Table 7 Comparative Analysis of various image denoising and enhancement in the spatial domain techniques based on various image quality metrics like Accuracy in Percentage and the Processing Time in Seconds for the input traffic sign board images present in the Testing image database
Sr.No.
|
Techniques used
|
Accuracy in Percentage (%)
|
Processing Time in Seconds
|
1
|
Pretrained Neural Network-based Image Denoising
|
97.01%
|
8.4883328333333 seconds
|
2
|
Non-Local Means Filtering Type 2
|
98.79%
|
1.1919867291667 seconds
|
Table 8 Comparative Analysis of various image denoising and enhancement in the spatial domain techniques based on various image quality metrics like Accuracy in Percentage and the Processing Time in Seconds for the input traffic sign board images present in the Training image database
Sr.No.
|
Techniques used
|
Accuracy in Percentage (%)
|
Processing Time in Seconds
|
1
|
Pretrained Neural Network-based Image Denoising
|
82.94%
|
12.232690183161 seconds
|
2
|
Non-Local Means Filtering Type 2
|
99.98%
|
1.6439581447563 seconds
|
After the image signature is entered, the size is first changed to 331 × 331 to represent the image and expand it in space; this is the size of the input image required before. Using NasNetLarge to express deep convolutional neural networks for processing Kay et al. (2021). After processing, the image signatures are entered into NasNetLarge, followed by the deep neural network of GoogleNet Liu et al. (2021).
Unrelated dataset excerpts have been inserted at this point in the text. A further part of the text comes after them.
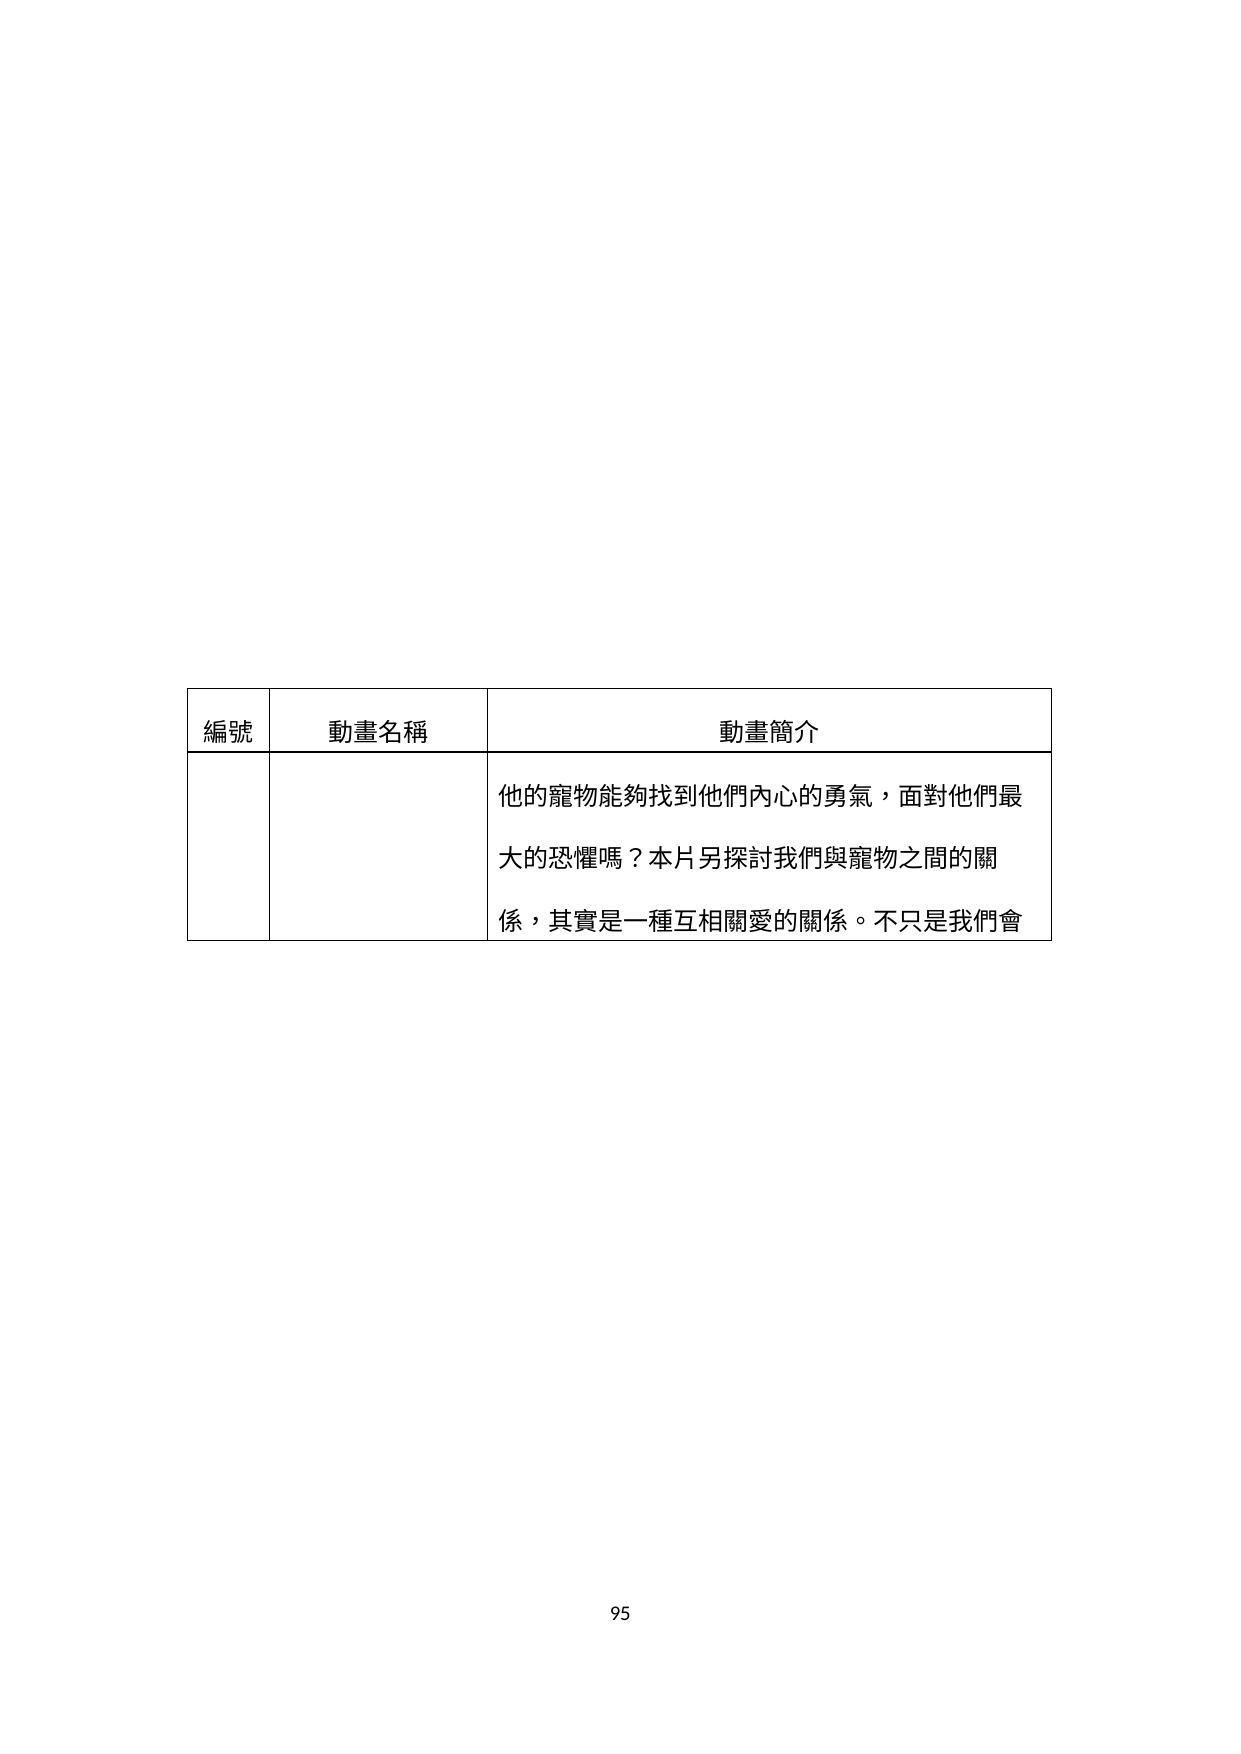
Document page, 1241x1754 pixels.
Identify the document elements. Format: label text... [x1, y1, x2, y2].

table_header 動畫簡介 [488, 689, 1051, 751]
table_cell 他的寵物能夠找到他們內心的勇氣，面對他們最大的恐懼嗎？本片另探討我們與寵物之間的關係，其實是一種互相關愛的關係。不只是我們會 [488, 753, 1051, 940]
table_cell [188, 753, 269, 940]
table_header 動畫名稱 [270, 689, 487, 751]
table_header 編號 [188, 689, 269, 751]
table_cell [270, 753, 487, 940]

The classification results of the signature images in our test image database are as follows (Figure 14):
Table 9 Comparative Analysis of various image denoising and enhancement in the spatial domain techniques based on various image quality metrics like Accuracy in Percentage and the Processing Time in Seconds for the input traffic sign board images present in the Testing image database
Sr.No.
|
Category of image classification techniques used for various Types of Input image databases
|
Accuracy in Percentage (%)
|
Processing Time in Seconds
|
1
|
Resized Pre-processed images NasNetLarge + NasNetLarge + GoogleNet for input Testing image database
|
100%
|
2.5465 seconds
|
2
|
Resized Pre-processed images NasNetLarge + NasNetLarge + GoogleNet for input Training image database
|
100%
|
2.6606 seconds
|
A detailed description of the various processes present in a traditional convolutional neural network is as follows:
8.1.Image Input Layer:
The 2D input image is entered into the network from the image input layer and the data is normalized Kay et al. (2021).
8.2.convolutional2d Layer:
2D convolutional layers use sliding convolution filters for 2D inputs. The size of the curl layer depends on the input method. For 2D image inputs (four-dimensional profiles, channels, and observations leading to pixels in two spatial dimensions), this layer is skewed in the spatial dimension Zaklouta et al. (2021). For a 2D image array input (five-dimensional data, channels, observations, and time steps corresponding to pixels in both spatial dimensions), this layer is warped in both spatial dimensions. (2021). This set is convoluted in the spatial and physical dimensions of a one-dimensional image sequence input (four-dimensional data taken into pixels, channels, observations, and time steps enter a spatial dimension) Kay et al. (2021).
8.3.Rectified Linear Unit (Relu) Layer:
This function is equal to:
F(x) = {x, x ≤ 0
0, x < 0
8.4.fully Connected Layer:
The fully connected layer combines the input with the weight matrix and then adds the bias vector. Zaklouta et al. (2021).
8.5.softmax Layer:
Softmax layer Using the softmax function for input, Kay et al. (2021).